Aynı ayıbı ben de yaptım.
Dünya Kupaları’ndan birinde (galiba 1998) Afrikalı
futbolcuların performansını vurgularken, Yamyamları gördünüz mü diye bir cümle yazdım.
Sabahın köründe...
Deniz
Gökçe aradı.
“Yakışıyor mu” dedi. “Bari sen yapma.”
Nasıl utandım, nasıl mahçup oldum anlatamam.
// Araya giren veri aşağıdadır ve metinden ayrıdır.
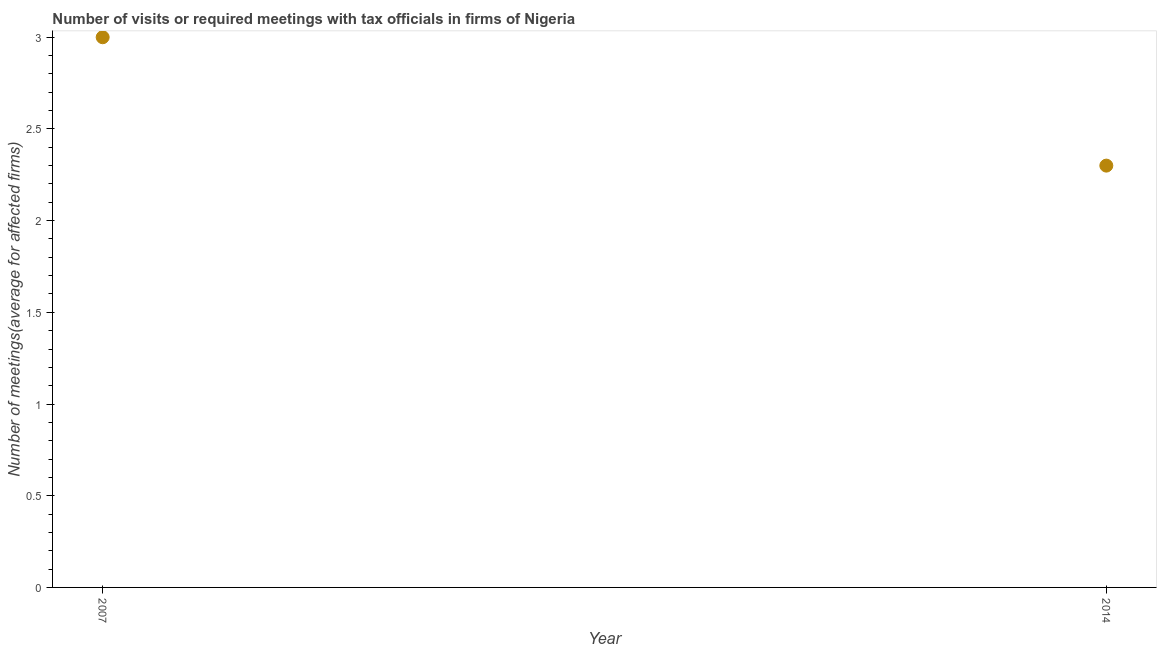In which year was the number of required meetings with tax officials minimum?
Your response must be concise. 2014. What is the sum of the number of required meetings with tax officials?
Keep it short and to the point. 5.3. What is the difference between the number of required meetings with tax officials in 2007 and 2014?
Your answer should be compact. 0.7. What is the average number of required meetings with tax officials per year?
Offer a very short reply. 2.65. What is the median number of required meetings with tax officials?
Your answer should be compact. 2.65. Do a majority of the years between 2007 and 2014 (inclusive) have number of required meetings with tax officials greater than 0.6 ?
Offer a very short reply. Yes. What is the ratio of the number of required meetings with tax officials in 2007 to that in 2014?
Provide a short and direct response. 1.3. Does the number of required meetings with tax officials monotonically increase over the years?
Your answer should be compact. No. How many years are there in the graph?
Offer a very short reply. 2. What is the difference between two consecutive major ticks on the Y-axis?
Give a very brief answer. 0.5. Are the values on the major ticks of Y-axis written in scientific E-notation?
Offer a terse response. No. Does the graph contain any zero values?
Offer a terse response. No. What is the title of the graph?
Make the answer very short. Number of visits or required meetings with tax officials in firms of Nigeria. What is the label or title of the Y-axis?
Ensure brevity in your answer.  Number of meetings(average for affected firms). What is the ratio of the Number of meetings(average for affected firms) in 2007 to that in 2014?
Your response must be concise. 1.3.

Bir daha da o lâfı kullanmadım.
***
Şimdi bakıyorum, yamyam aşağı yamyam yukarı... Medyamız bu kelimeye saplanmış... Vuvuzela’lı tribünleri yöresel danslarla süsleyen o şirin insanlara ve sahada ter döken futbolculara yamyam deniyor.
Irkçılıktan da öte bir şey.
Lütfen yapmayın.
Yamyam demeyin.
***
Kaldı ki, yamyam dediğiniz o insanlar, Avrupalı’dan daha nazik, yamyam dediğiniz o futbolcular, Avrupalı meslektaşlarından daha centilmen, daha disiplinli, daha terbiyeli...
Hakem’le dalaşmıyorlar, karara hiç
itiraz etmiyorlar,
rakip futbolcuya öfkeyle yaklaşmıyorlar...
Böyle yamyam olur mu?
Bazılarının puanları bile
gasp edilmiştir, bazı pozisyonlarda alenen hakları yenmiştir, daha da yenecektir.
Ama Avrupalı gibi şımarık olmadıkları için, başları hep öndedir. Efendi insan yamyam olur mu yahu?
Lütfen yapmayın.
Yamyam demeyin.
Bâri bundan sonra demeyin.
(Not: 12 yıl rötarla da olsa, Deniz Gökçe’ye teşekkür ediyorum.)